Figure 2. Twenty-two research articles analyzing changes in skeletal muscle capillary density (CD) (Panel A) or capillary-to-fiber ratio (C/F) (Panel B) in response to prolonged exposure to ambient hypoxia were surveyed. () indicates human studies. () indicates the use of animal models (not restricted to rodents). (∗) indicates significant finding. Red coloration indicates an increase in magnitude by 10% or greater. Blue coloration indicates a decrease in magnitude by 10% or greater. Black coloration indicates no change. Y- and X-axis, respectively, reflect the level of altitude (real or simulated) and the duration exposure. Corresponding references: (1) Banchero et al. (1976); (2) Banchero et al. (1985); (3) Basset et al. (2006); (4) Bigard et al. (1991); (5) Cassin et al. (1971); (6) Deveci et al. (2001); (7) Deveci et al. (2002); (8) Green et al. (1989); (9) Green et al. (1992); (10) Hoppeler et al. (1990a); (11) Hoppeler et al. (1990b); (12) Levett et al. (2012); (13) Lundby (2004); (14) MacDougall et al. (1991); (15) Mathieu-Costello and Agey (1997); (16) Mizuno et al. (2008); (17) Olfert et al. (2001); (18) Panisello et al. (2008); (19) Poole and Mathieu-Costello (1989); (20) Sillau and Banchero (1977); (21) Sillau et al. (1980a); (22) van Ekeren et al. (1992).

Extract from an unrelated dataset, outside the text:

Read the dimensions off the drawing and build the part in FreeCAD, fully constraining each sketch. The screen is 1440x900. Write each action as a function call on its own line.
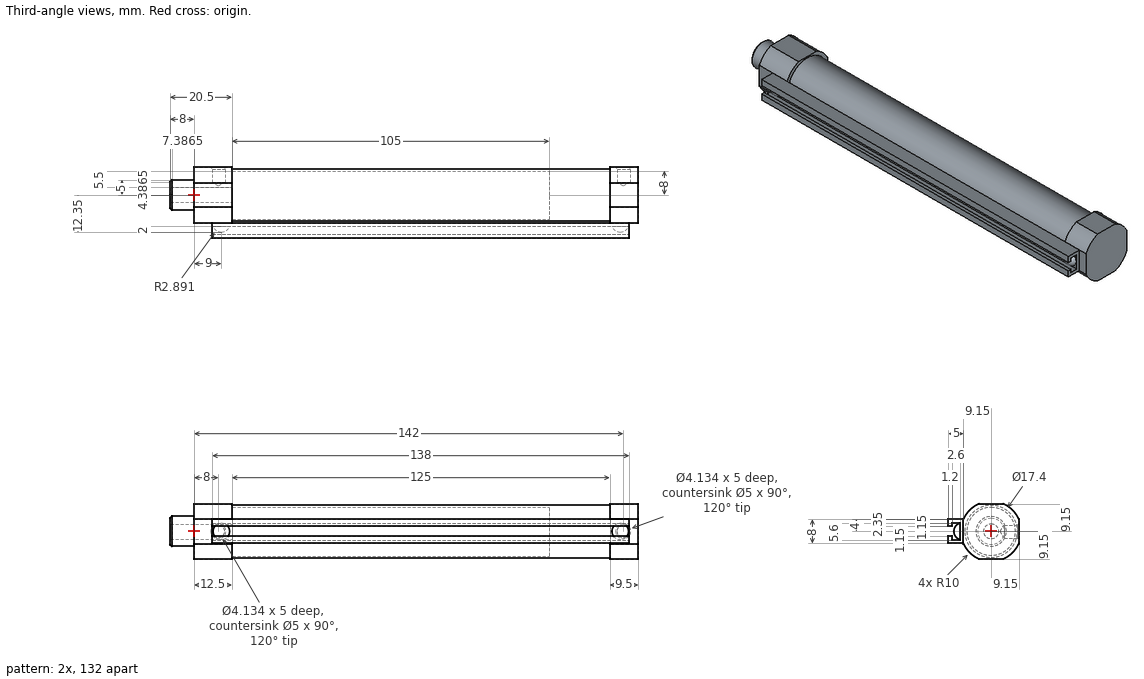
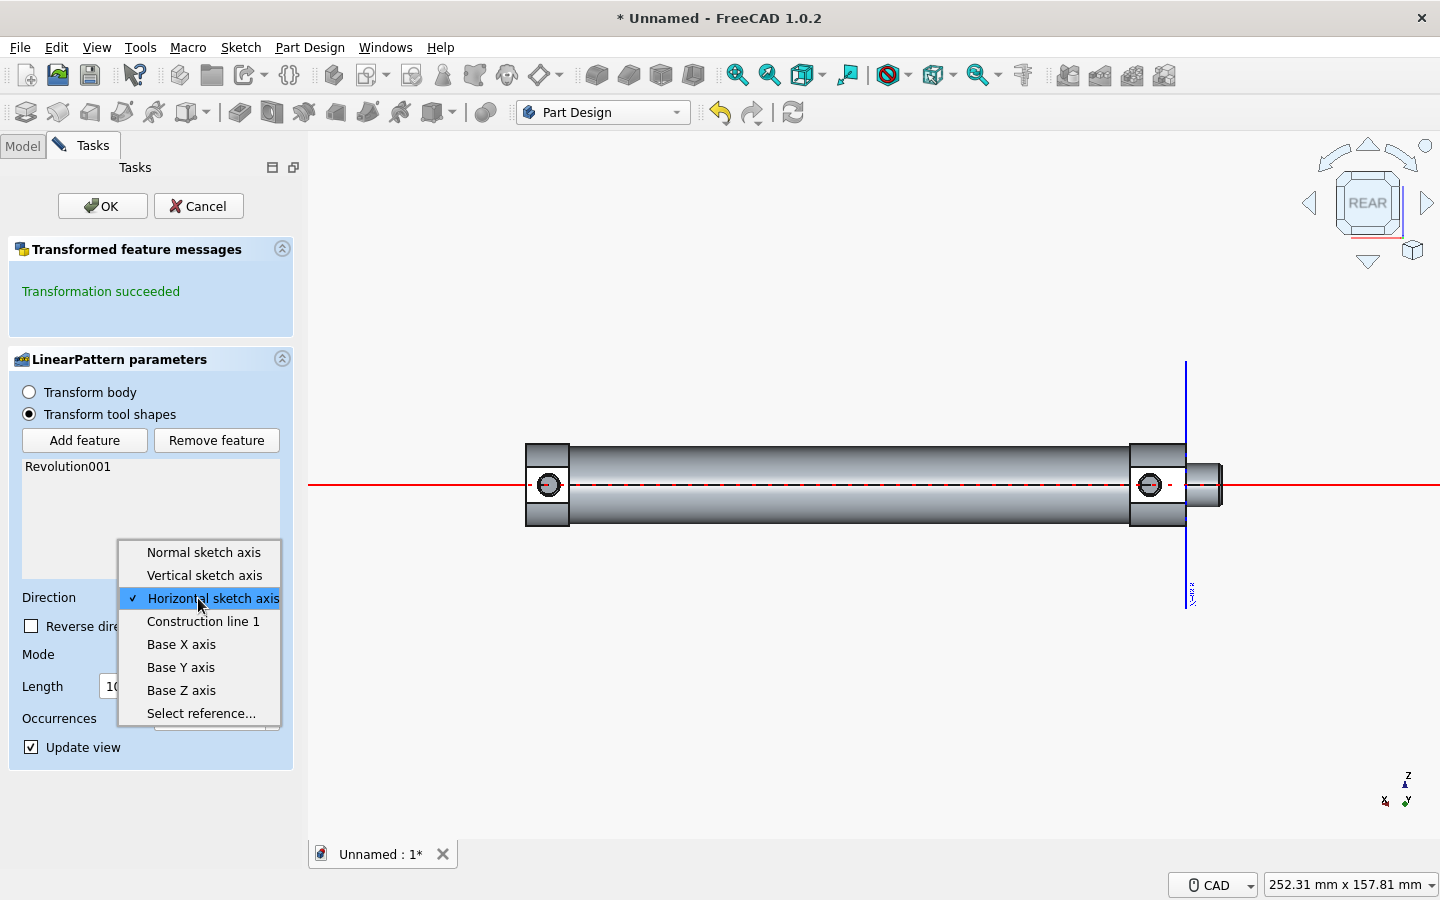
click(198, 644)

The lack of change in CD could be attributed to an absence of muscle atrophy, and some authors have in fact observed no reduction in myofiber size at high altitude (Green et al., 1992; Lundby, 2004; Levett et al., 2012; D’Hulst et al., 2016). It was then suggested that both the exposure duration and the altitude level could determine whether myofibers would atrophy or not, leading to the notion of hypoxic dose (D’Hulst and Deldicque, 2017; Millet et al., 2017). Some conditionings were indeed performed at moderate altitude (3,000-4,000 m) over 2-3 weeks only, as opposed to longer exposures (8-10 weeks) at higher altitudes (>5,200 m) (Oelz et al., 1986; Green et al., 1989, 1992; Hoppeler et al., 1990a,b; MacDougall et al., 1991; Lundby, 2004; Mizuno et al., 2008; Levett et al., 2012).

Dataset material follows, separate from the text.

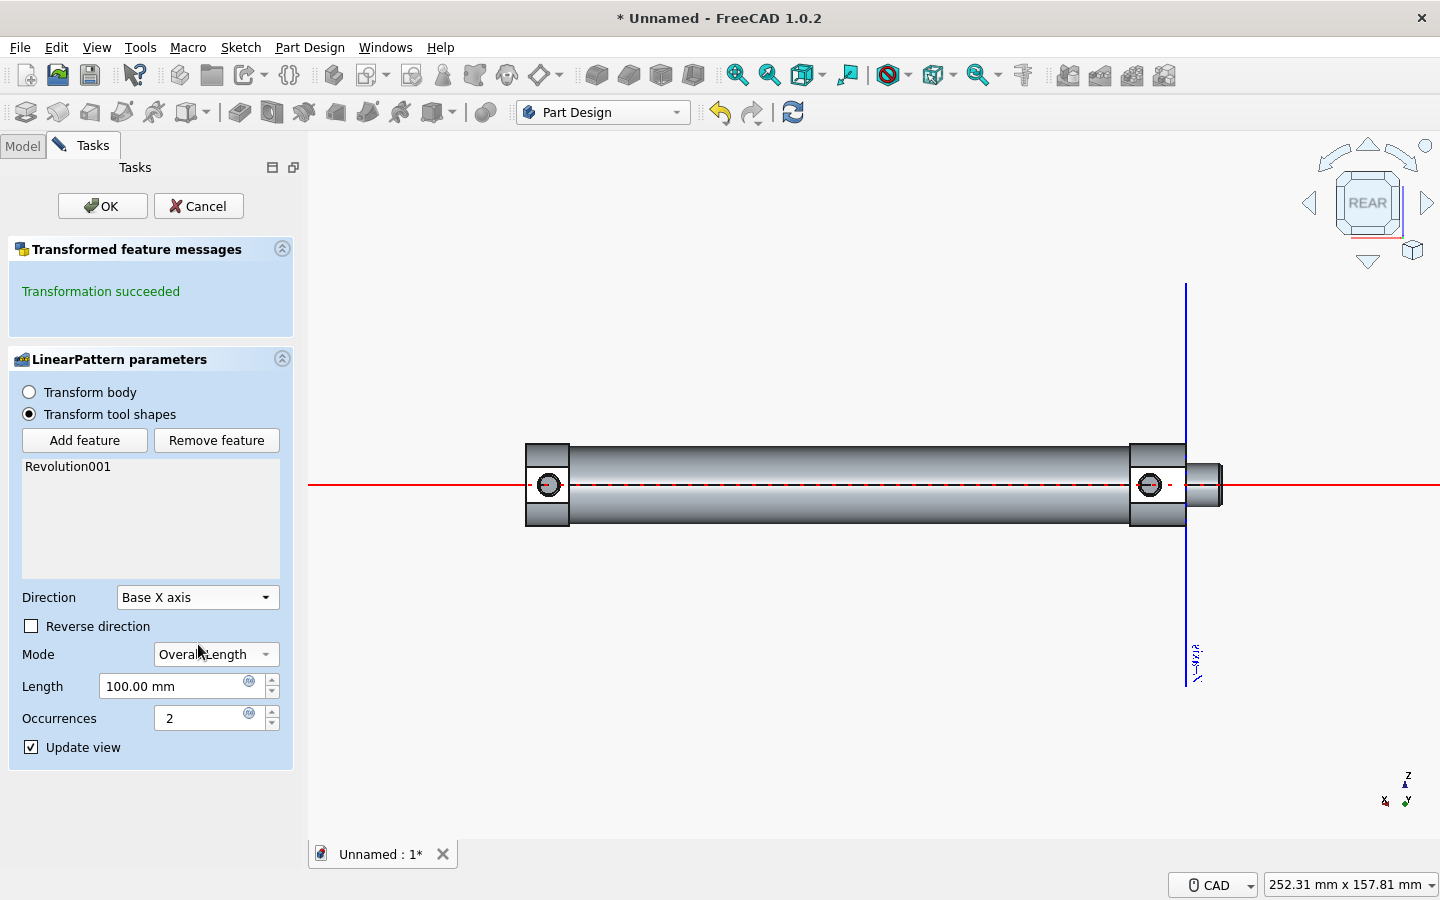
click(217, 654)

It is difficult to identify the source of discrepancy between these studies regarding myofiber size and CD. In rodent studies for example, the age of the animals can be a confounding factor if they are still growing (Banchero, 1985; Snyder et al., 1992). Calorie intake can also influence body and muscle weights. Prolonged mountaineering expeditions at high-altitude can involve logistical constraints for proper nutrition and gastroenteritis disorders are often described (West, 2012; Swenson and Bärtsch, 2013). Hypophagia has been well observed in rodents exposed to prolonged hypoxia, usually requiring the use of pair-fed control animals (Daneshrad et al., 2001, 2003).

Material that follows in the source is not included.